In summary, John Mauldin's accuracy in forecasting stock market behavior is below average. Confidence in this conclusion is fairly high.

We infer, especially from his more recent commentaries, that John Mauldin would agree to evaluation of his forecasts only over very long periods, such as a decade. For example, in his 8/6/04 commentary, he states: "You cannot time the market on a year to year basis, at least I can't." Such a stance appears to represent avoidance of accountability with respect to the many comments in which he has provided an outlook for U.S. equities. To construct even a marginal sample (say 20-30) of independent observations each a decade long would take 200-300 years. No investor can hope to obtain out-of-sample confidence that such long-cycle views of a guru have validity.

jegan

TraderMark said...

Someone emailed me after I posted this and said they have been following him quite a while and he really missed the severity of this downturn and only in the past few months has really turned "negative". Since I don't follow him I did not know that - he sounded very much like me, but apparently only in the past few months.

Oh well!

jegan said...

TM... I get his weekly blog. It really isn't a bad blog, or wrong, it is however, kind of vague.
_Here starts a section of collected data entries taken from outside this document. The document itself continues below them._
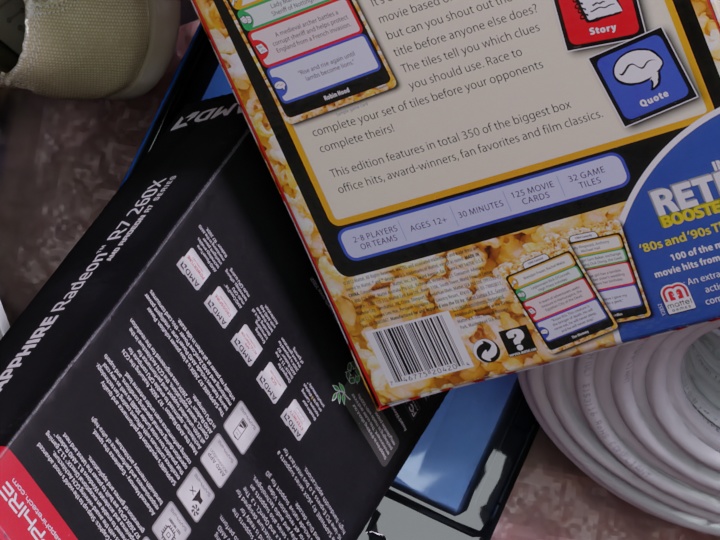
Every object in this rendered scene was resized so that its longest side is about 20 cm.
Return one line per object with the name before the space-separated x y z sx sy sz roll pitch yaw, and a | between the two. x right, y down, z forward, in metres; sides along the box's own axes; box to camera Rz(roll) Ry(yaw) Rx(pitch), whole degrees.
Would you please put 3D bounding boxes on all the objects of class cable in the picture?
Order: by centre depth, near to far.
cable | 0.151 0.020 0.941 0.199 0.200 0.069 23 50 -12

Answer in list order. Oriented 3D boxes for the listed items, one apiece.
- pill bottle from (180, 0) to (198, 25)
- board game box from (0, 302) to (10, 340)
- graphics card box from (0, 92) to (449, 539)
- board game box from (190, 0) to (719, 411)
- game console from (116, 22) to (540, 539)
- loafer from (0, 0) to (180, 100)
pill bottle | -0.100 -0.188 0.986 0.112 0.112 0.201 -4 81 -9
board game box | -0.185 0.056 0.917 0.199 0.026 0.201 -25 83 28
graphics card box | -0.052 0.050 0.853 0.126 0.051 0.200 57 45 -25
board game box | 0.037 -0.069 0.821 0.151 0.046 0.201 -15 113 22
game console | 0.000 0.000 0.964 0.170 0.118 0.201 26 78 -3
loafer | -0.148 -0.120 0.910 0.200 0.068 0.076 31 114 22

I read it because he includes a lot of obtuse stuff that I don't catch in my normal trolling. If I had to categorize it, I'd lump his blog in with fortune telling. Yes it has the smell of being pertinent, but is vague enough that you can read into it what you want. His blog isn;t like Schaeffer's or Bill Luby's, no real calls, and no techinuques to incorporate.

Anyway, you weren't wrong in posting the links. What he has to say presently, reinforces what you seem to be saying and what I feel. (Gee! That has to make it correct!)
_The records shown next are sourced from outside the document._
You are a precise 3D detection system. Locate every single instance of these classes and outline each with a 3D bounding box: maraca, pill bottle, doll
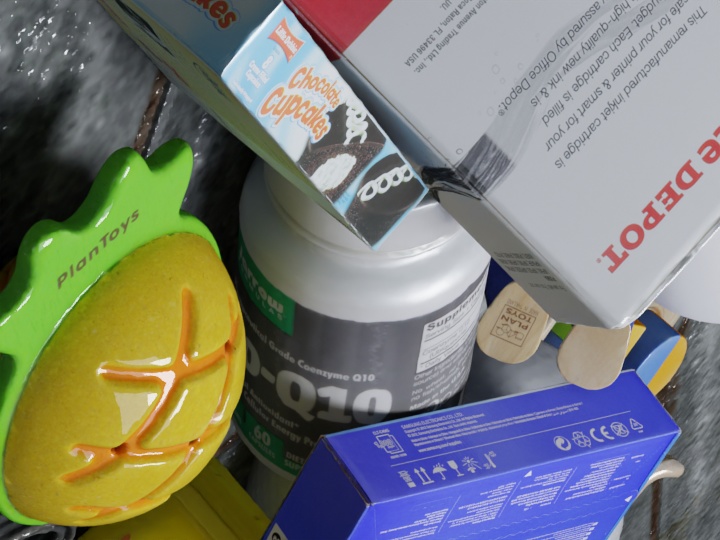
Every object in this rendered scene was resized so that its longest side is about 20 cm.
[{"bbox_3d":[-0.103,0.028,1.172,0.137,0.107,0.200,-48,158,-27],"label":"maraca"},{"bbox_3d":[0.000,0.000,1.313,0.113,0.113,0.201,-37,153,-29],"label":"pill bottle"},{"bbox_3d":[0.090,-0.011,1.447,0.200,0.136,0.049,-78,-173,-68],"label":"doll"}]

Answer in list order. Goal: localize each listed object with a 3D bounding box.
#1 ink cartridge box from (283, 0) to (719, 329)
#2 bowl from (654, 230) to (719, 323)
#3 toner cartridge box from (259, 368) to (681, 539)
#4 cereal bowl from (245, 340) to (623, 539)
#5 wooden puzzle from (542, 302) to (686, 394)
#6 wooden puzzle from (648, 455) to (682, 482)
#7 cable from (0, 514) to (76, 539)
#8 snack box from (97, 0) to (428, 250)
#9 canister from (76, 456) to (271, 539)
[{"bbox_3d":[0.071,-0.095,1.176,0.144,0.200,0.084,-46,-171,-8],"label":"ink cartridge box"},{"bbox_3d":[0.133,-0.083,1.361,0.074,0.201,0.200,-16,149,3],"label":"bowl"},{"bbox_3d":[0.048,0.105,1.355,0.199,0.043,0.095,-9,142,-42],"label":"toner cartridge box"},{"bbox_3d":[0.044,0.130,1.496,0.199,0.083,0.201,-6,119,-11],"label":"cereal bowl"},{"bbox_3d":[0.167,0.010,1.717,0.186,0.046,0.200,-56,156,13],"label":"wooden puzzle"},{"bbox_3d":[0.085,0.160,1.711,0.200,0.046,0.185,-45,-174,-3],"label":"wooden puzzle"},{"bbox_3d":[-0.181,0.130,1.257,0.097,0.050,0.200,-49,156,5],"label":"cable"},{"bbox_3d":[-0.050,-0.082,1.095,0.037,0.116,0.200,-49,157,-3],"label":"snack box"},{"bbox_3d":[-0.110,0.197,1.362,0.200,0.149,0.087,-39,172,-19],"label":"canister"}]

If you ever feel the need to get a 'scientific' approach to a technique, or a 'Guru', you can search CXO's site at:

http://www.cxoadvisory.com/blog/

Whenever I read about someone who has a very high rate of return, or a process that is guaranteed to rock you finances. I search this site to confirm. I do have to say that their processes are possibly a little dry and maybe a little biased to the downside, but always one page with a two sentence summary. Very handy site.